Allowed for Publication: New Details Released in Teens’ Murder

As mastermind of kidnapping & murder of Israel’s three Jewish teens is indicted, security forces release additional details of the attack not previously made public.

By Kobi Finkler

 

An indictment was submitted today (Thursday) against the mastermind of the kidnap and murder of Israeli teenagers Eyal Yifrah, Gilad Sha’ar and Naftali Frenkel, as more details emerge about the circumstances of their abduction.

With the completion of the interrogation of the suspects, several new pieces of information have been released for publication.

One month after the abduction, on July 11, a joint arrest operation between the Shin Bet (Israel Security Agency) and the police nabbed Hussam Hassan Kawasmeh, who owned the plot of land in which the murdered teens’ bodies were discovered, after they were murdered and hastily buried there by their kidnappers: Marwan Kawasmeh and Amar Abu-Eishah – who are both still on the run.

Kawasmeh confessed his role in the kidnapping under Shin Bet interrogation, and implicated a number of other accomplices to the crime.

The manhunt for Kawasmeh – whose extended family figures prominently within the Hamas movement and its stronghold of Hevron – began as soon as the bodies were discovered.
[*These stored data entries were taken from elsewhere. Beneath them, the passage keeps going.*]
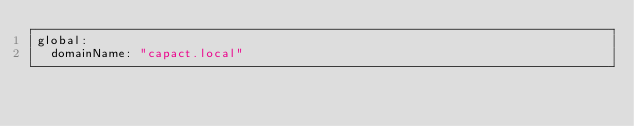Convert code to text. <code><loc_0><loc_0><loc_500><loc_500><_YAML_>global:
  domainName: "capact.local"
</code> 
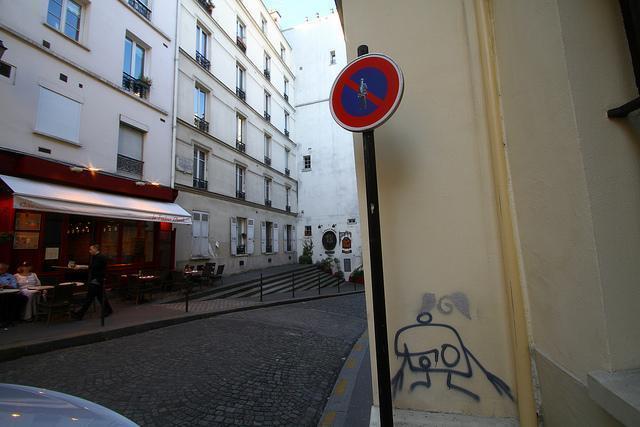How many manhole covers are shown?
Give a very brief answer. 0. How many cars are there?
Give a very brief answer. 1. How many vases are holding flowers?
Give a very brief answer. 0. 
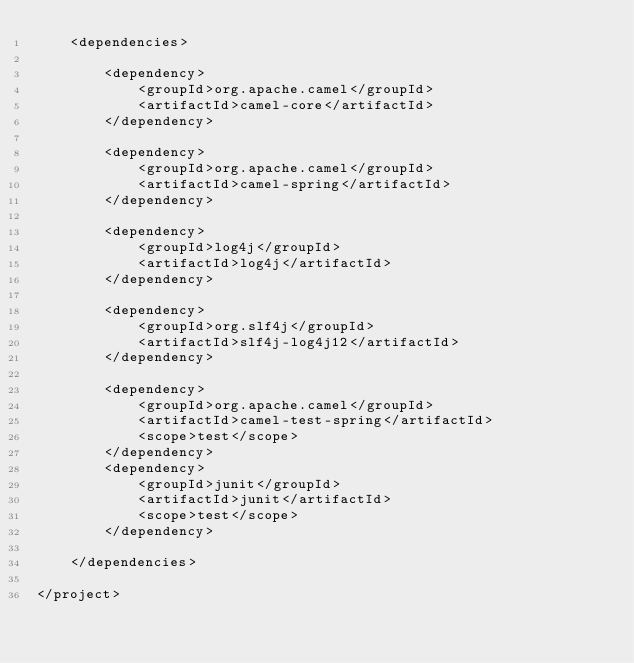Convert code to text. <code><loc_0><loc_0><loc_500><loc_500><_XML_>    <dependencies>

        <dependency>
            <groupId>org.apache.camel</groupId>
            <artifactId>camel-core</artifactId>
        </dependency>

        <dependency>
            <groupId>org.apache.camel</groupId>
            <artifactId>camel-spring</artifactId>
        </dependency>

        <dependency>
            <groupId>log4j</groupId>
            <artifactId>log4j</artifactId>
        </dependency>
        
        <dependency>
            <groupId>org.slf4j</groupId>
            <artifactId>slf4j-log4j12</artifactId>
        </dependency>

        <dependency>
            <groupId>org.apache.camel</groupId>
            <artifactId>camel-test-spring</artifactId>
            <scope>test</scope>
        </dependency>
        <dependency>
            <groupId>junit</groupId>
            <artifactId>junit</artifactId>
            <scope>test</scope>
        </dependency>

    </dependencies>

</project>

</code> 
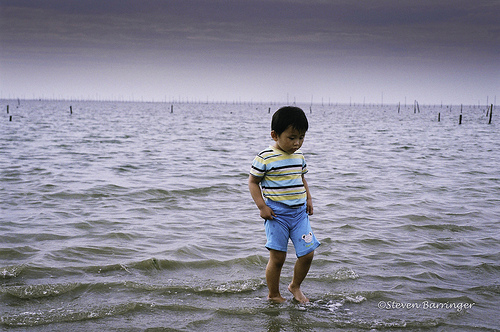<image>
Is there a child next to the water? No. The child is not positioned next to the water. They are located in different areas of the scene. 
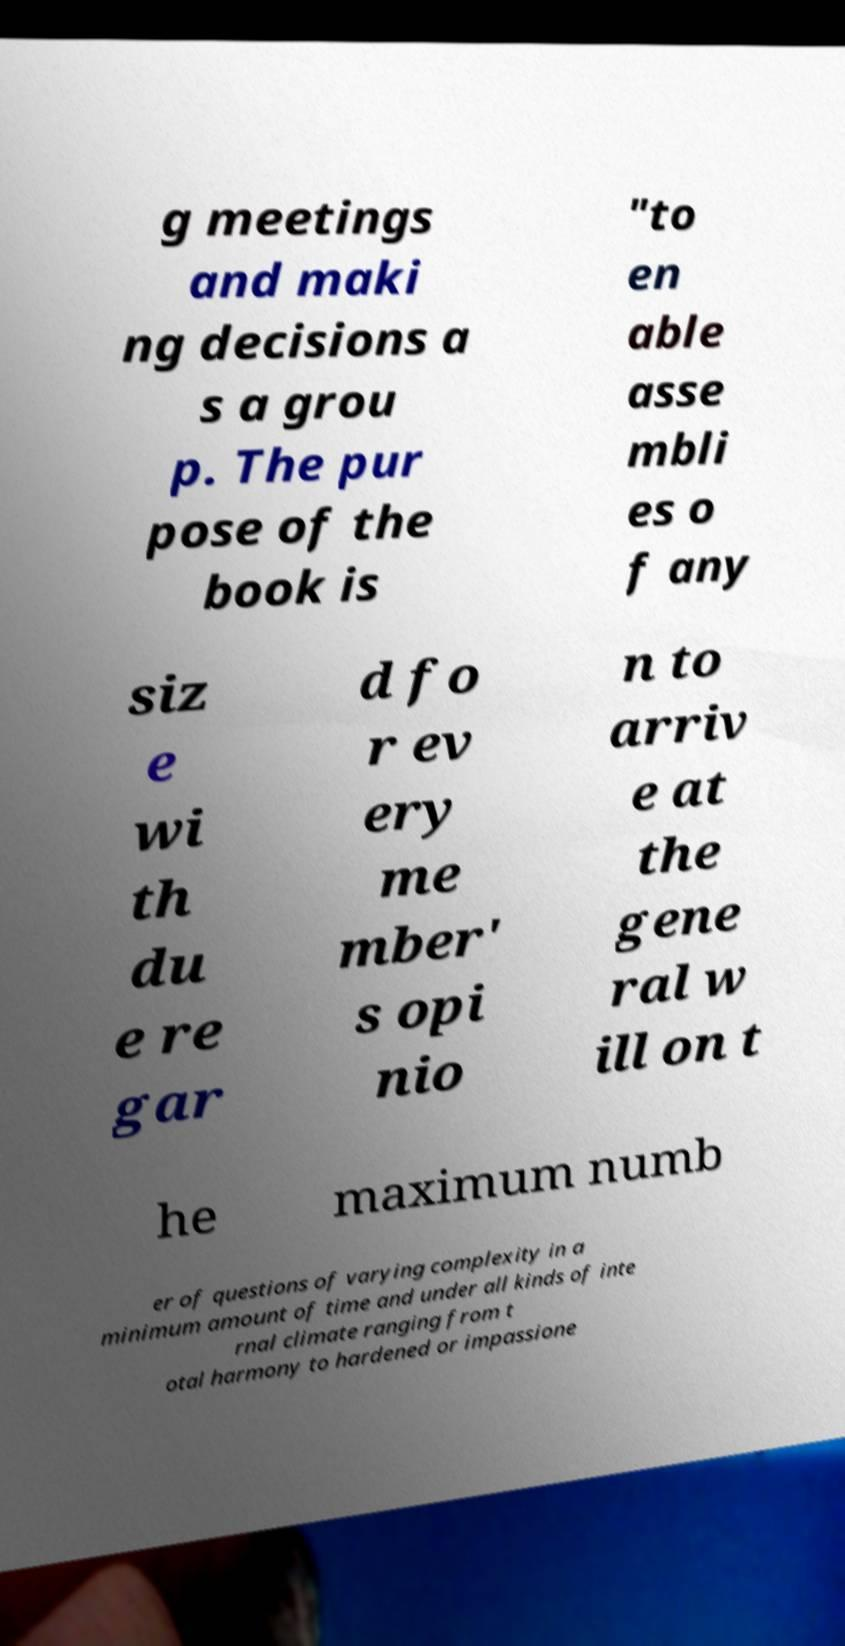What messages or text are displayed in this image? I need them in a readable, typed format. g meetings and maki ng decisions a s a grou p. The pur pose of the book is "to en able asse mbli es o f any siz e wi th du e re gar d fo r ev ery me mber' s opi nio n to arriv e at the gene ral w ill on t he maximum numb er of questions of varying complexity in a minimum amount of time and under all kinds of inte rnal climate ranging from t otal harmony to hardened or impassione 
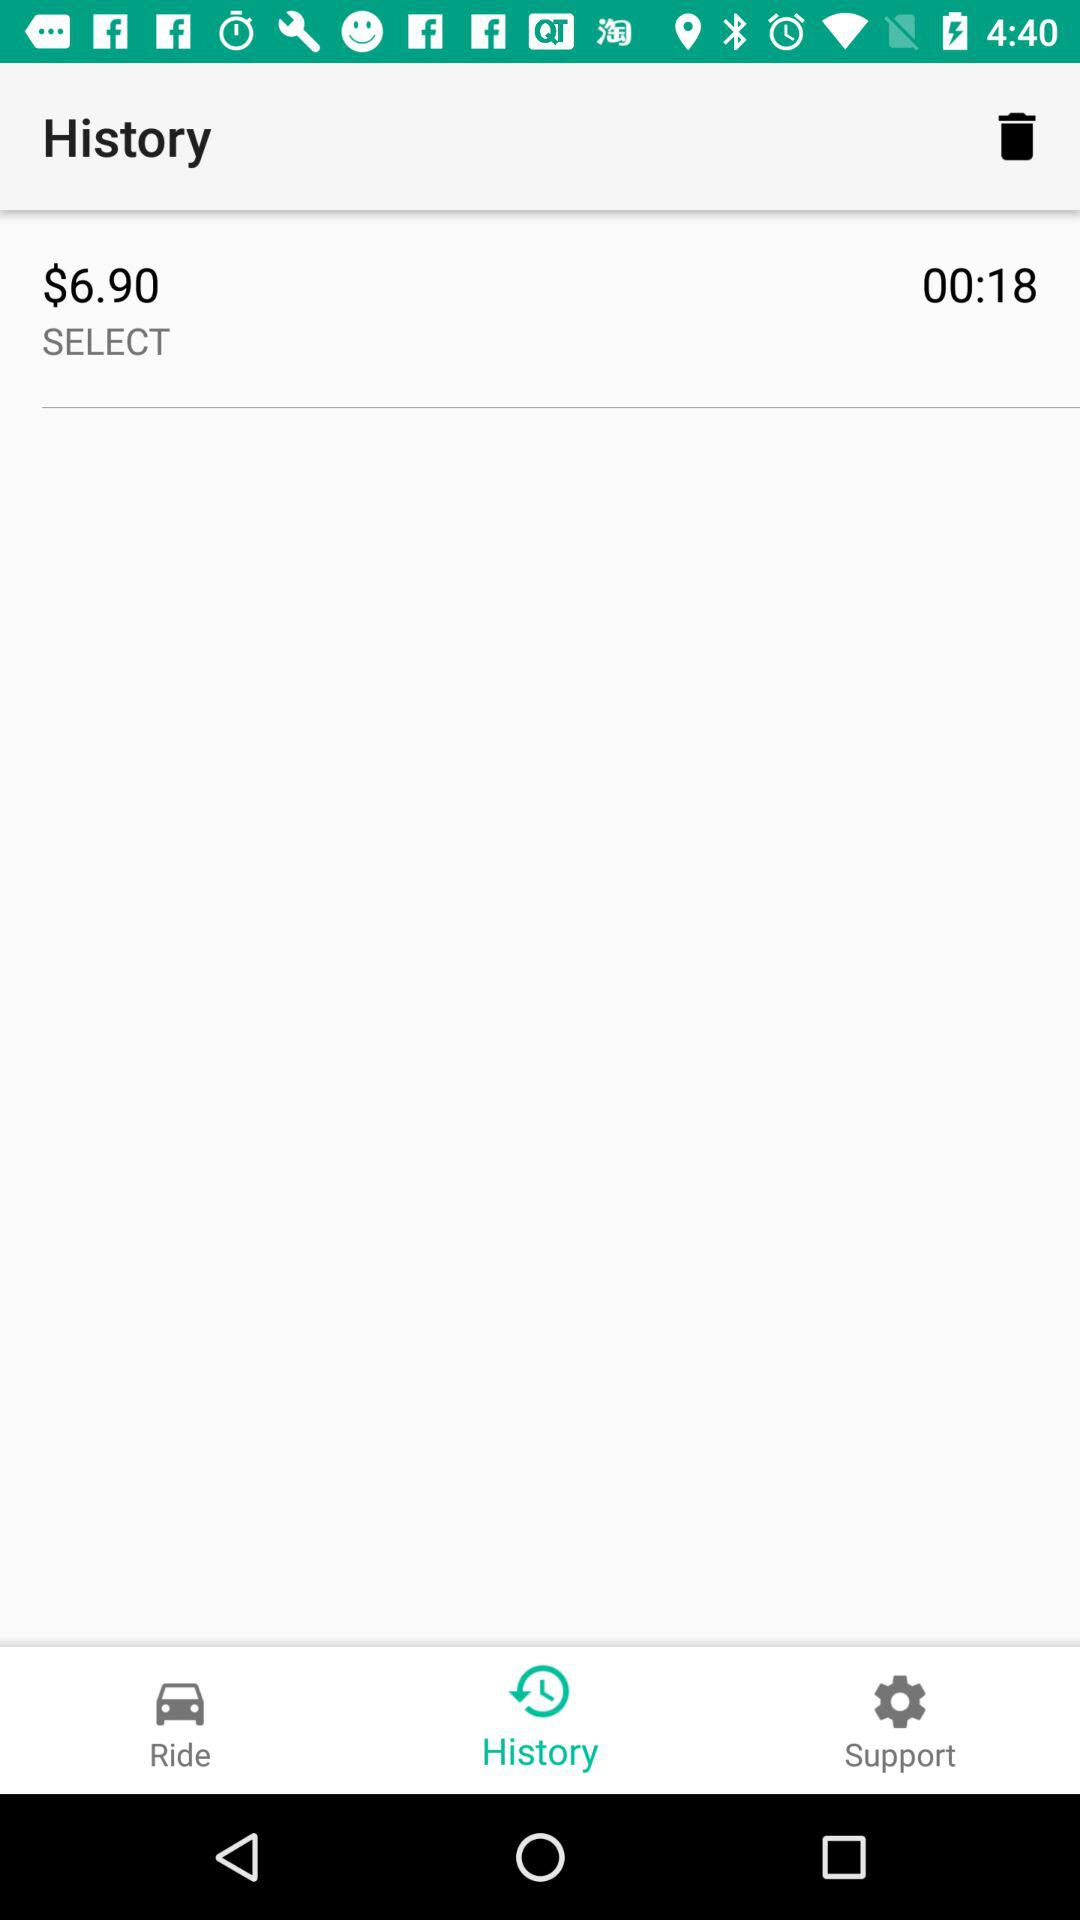What is the price in history? The price is $6.90.

Realizing he would be a suspect, he prepared to flee to Jordan with the help of a fake passport and the support of several relatives in Hevron – Hashem Kawasmeh, Jameel Kawasmeh and Hassan Kawasmeh.

But his plans to escape were foiled after intelligence services got wind of them, and Kawasmeh was arrested in the Shuafat neighborhood of Jerusalem. He had apparently shaved his beard off as part of efforts to conceal his identity, in preparation for his escape across the border.

Kawasmeh had previous spent time in an Israeli prison for links to another terror cell which carried out several bombing attacks. A significant number of his family members have also spent time behind bars or even been killed in clashes with security forces, including his brother Hussein Kawasmeh, who is currently serving a life sentence for a 2011 bombing attack in central Jerusalem which killed a British tourist and wounded dozens of others.

Another family member, the brother of kidnapper Marwan Kawasmeh, was Abdullah al-Qawasmeh. Abdullah was the leader of the Hevron branch of Hamas’s “military wing”, the Ezzadine al-Qassam Brigades. He was killed in a shootout with elite Israeli counter-terrorism police in 2003, who were hunting him for his involvement in several deadly terrorist attacks.

Hussam’s interrogation, as well as those of a number of other arrested suspects, revealed that he had played a fundamental part in the kidnapping, and served as its mastermind and overall coordinator of the entire terrorist “operation”. In that capacity, he secured some 200,000 shekels from his Gaza-based brother and Hamas operative Mahmoud to fund the attack.

The money was used, among other things, to purchase the car used in the abductions, which was later found burned out, near Hevron, together with spent bullet casings and traces of blood.

The money was also used to buy weapons – two pistols and two assault rifles – which were given to Marwan Kawasmeh prior to the attack. Hussam received those weapons from another Hamas terrorist in Hevron, Adnan Mohammed Azzat Zaro.

Still at large: Marwan Kawasmeh (L) and Amar Abu-Eisha Israel Security Agency

Still at large: Marwan Kawasmeh (L) and Amar Abu-Eisha Israel Security Agency

Also under interrogation, it was revealed that immediately after the murders Marwan went to Hussam, who helped him to take the bodies to a field the latter had purchased several month before in preparation for the killings. After burying the bodies in a shallow grave, he then helped Marwan and Amar Abu-Eisha to find a place to hide.

Security forces also extracted the names of several other terrorists involved in the abduction and murder, including two brothers. One of them, 50-year-old Hevron resident Arafat Ibrahim Mohammed Kawasmeh, admitted after his arrest to helping hide the suspects. The second – 64-year-old Ahmed Ibrahim Mohammed Kawasmeh – confessed that Marwan had turned to him prior to the attack to secure him safe passage in advance to Palestinian Authority-controlled territory, and that he had referred him to his brother Arafat.

With the conclusion of the interrogation process, the suspects cases have been transferred to the Judea and Samaria prosecutor, who will be pressing charges.